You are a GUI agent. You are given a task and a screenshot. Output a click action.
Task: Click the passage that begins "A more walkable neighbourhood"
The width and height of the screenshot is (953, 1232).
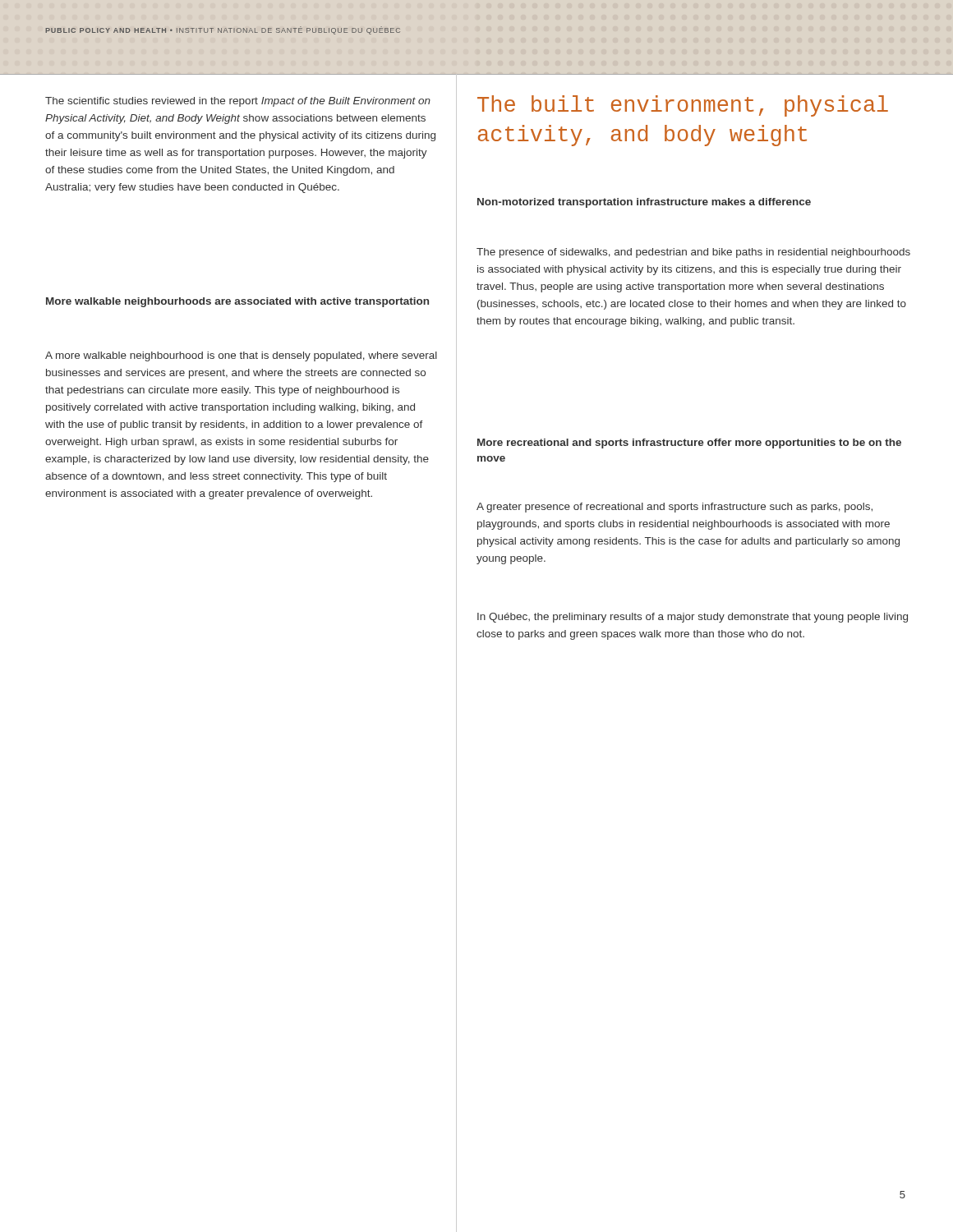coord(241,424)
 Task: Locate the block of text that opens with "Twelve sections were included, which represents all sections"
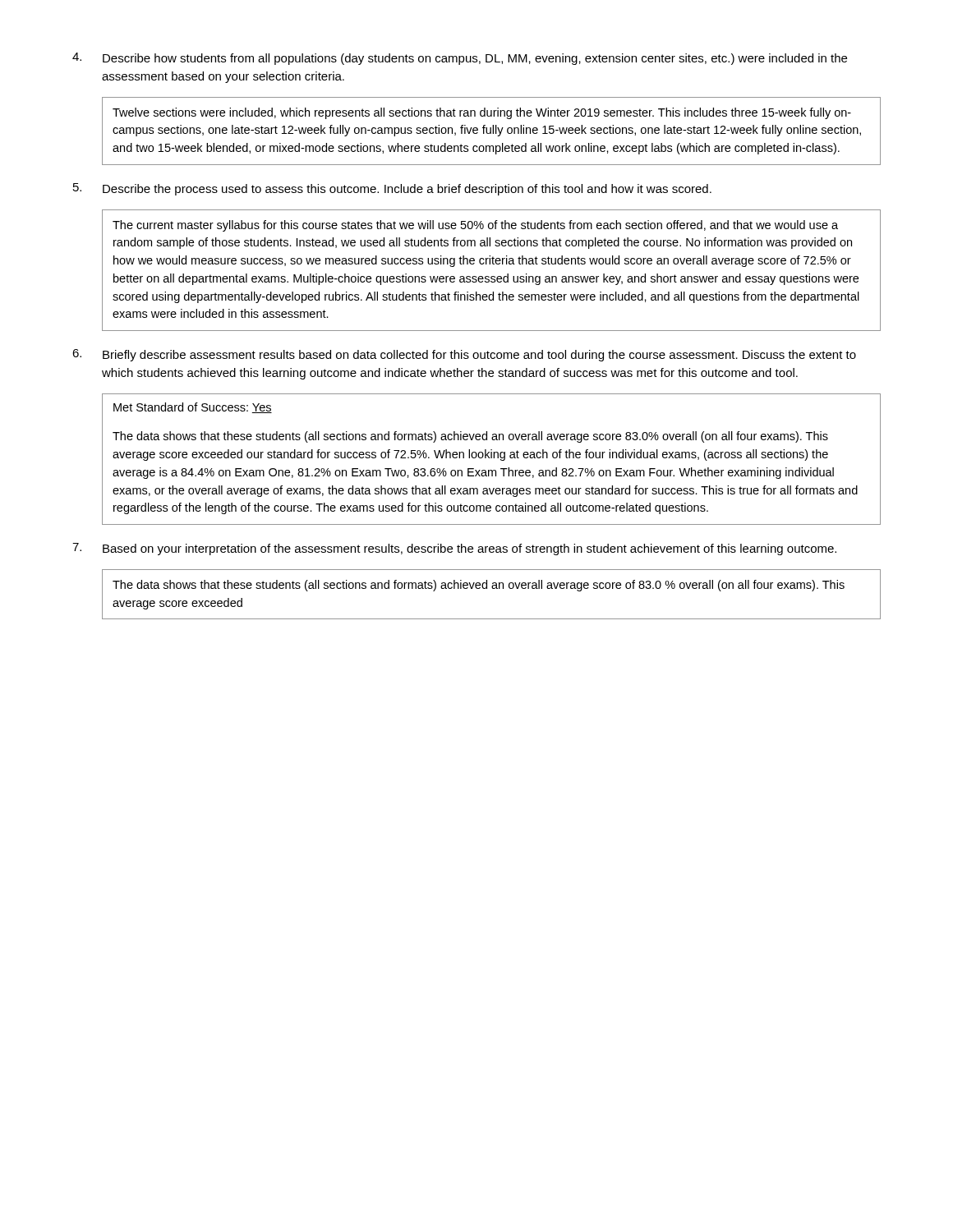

• • • • • • •

How to complete this task: Word for word, print out all of the records above; pass over the pictures.

Answer section:
You are a GUI agent. You are given a task and a screenshot. Output a click action.
Task: Click the passage that begins "A more walkable neighbourhood"
The width and height of the screenshot is (953, 1232).
coord(241,424)
 Task: Locate the block of text that opens with "Twelve sections were included, which represents all sections"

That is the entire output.